The narration of Nero’s adoption, which positioned him for the principate and could be told in his own Life, is placed in Claudius (27, 39, 43) because Suetonius uses it to stress Claudius’ malleability and poor administration, the emperor’s defining characteristics in this biography. The anecdote regarding Claudius’ regret of the decision belongs in Claudius (43) because it both accentuates his inconstancy, illustrated elsewhere in the Life (e.g., 15-16, 26), and supplies motive for Agrippina to assassinate him (44). Although Agrippina leads the assassination in Claudius (44), Nero’s complicity is reported in Nero (33), a divergence that serves to undermine Nero’s pietas and paint him as murderous in his Life (Hägg 2012, 222-223). Once Nero’s adoption is told in Claudius Suetonius does not repeat it in Nero, instead merely reporting its occurrence (7, 8-9). In Nero’s opening, rather, Suetonius highlights the vitia of the Domitii, Nero’s natural father’s family, to illustrate how Nero reproduced the family’s legacy of vice (1). Suetonius’ handling of Nero’s youth elucidates how the placement of historical material aided the characterization of his subjects.

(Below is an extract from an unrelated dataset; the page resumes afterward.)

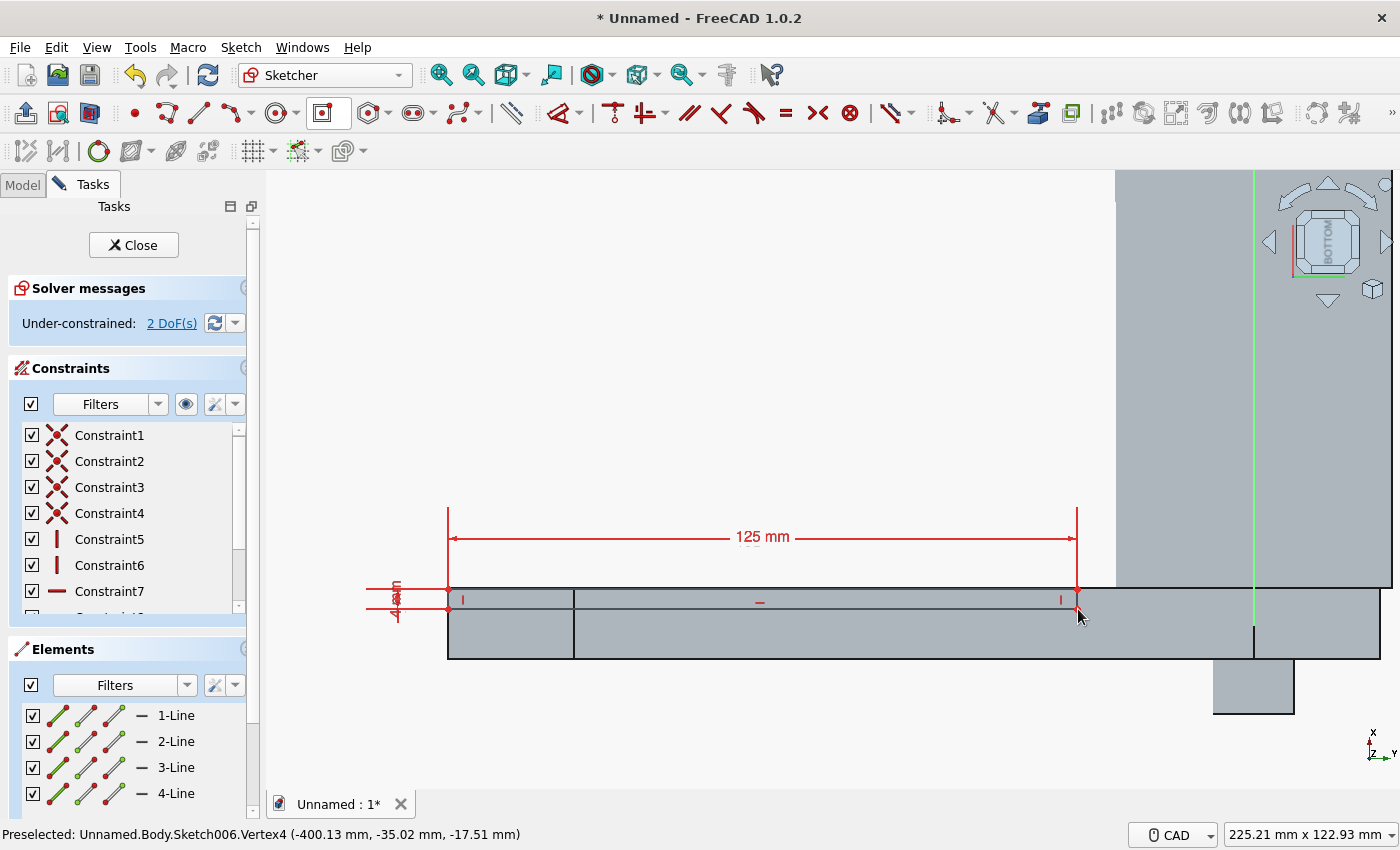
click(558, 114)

One of Suetonius’ favorite themes at the end of Nero is that the emperor was abandoned and universally hated (e.g., 40, 47-49). Wallace-Hadrill has rightly identified the emphasis on unanimous opinion, positive or negative, as a favored rhetorical technique of the author (1995, 113-115), and Sansone has seen the influence of Plato’s “Myth of Er” in Suetonius’ narration of Nero’s demise (1993). Building on their work, I emphasize internal similarities between Nero’s death (47-50) and Domitian’s (14-17), another tyrant guilty of similar vices: clear portents are followed by the principes dying unanimously hated, fearful and abandoned, left to be buried in the family tomb by a loyal nurse. Suetonius arguably shaped these accounts to create parallelism in the ends of the Julio-Claudian and Flavian lines. My findings are significant because historians often depend on Suetonius’ narrative of Nero’s death (e.g., Champlin 2003; Warmington 1969), given that Tacitus’ Annals breaks off in 66 CE, while his Histories begin with Galba; Dio’s History survives only in epitomes for Nero’s principate; and Nero is mentioned indirectly in Plutarch’s surviving Lives (e.g., Gal. 7; Otho 18). Given this literary styling (on which also Townend 1967; Baldwin 1983; Lounsbury 1991; Hägg 2012), however, it is problematic to take Nero 46- 50 as a straightforward historical account.
Although Suetonius emphasizes that Nero was hated and abandoned, the public rejoicing at his downfall (57), he obliquely admits that some (et tamen non defuerunt qui, 57) continued to decorate his tomb long after. We later learn that Otho (7) was hailed “Nero” by the plebs, adopted the cognomen Nero, restored Nero’s statues and reinstated some of his procurators and freedmen. Similarly, Vitellius (11) made public funeral offerings to Nero with state priests present, and applauded when a lyre-player performed Nero’s compositions. Such anecdotes undercut Suetonius’ earlier emphasis on the universal hatred of Nero; appealing to Nero’s memory clearly had a place in public discourse. Despite the inconsistency, Suetonius wished to use what he considered misguided devotion to Nero to disparage Otho’s and Vitellius’ priorities. As he says of Vitellius, his offerings to Nero left no doubt who his imperial model was (11). Character elucidation, then, overrides consistency and historicity.
Suetonius’ varying treatment of Nero and his memory illustrates how he shaped historical material to suit his literary needs. Nero’s rejection in Nero underscores his bad conduct, while the championing of him in Otho and Vitellius exemplifies their flawed leadership.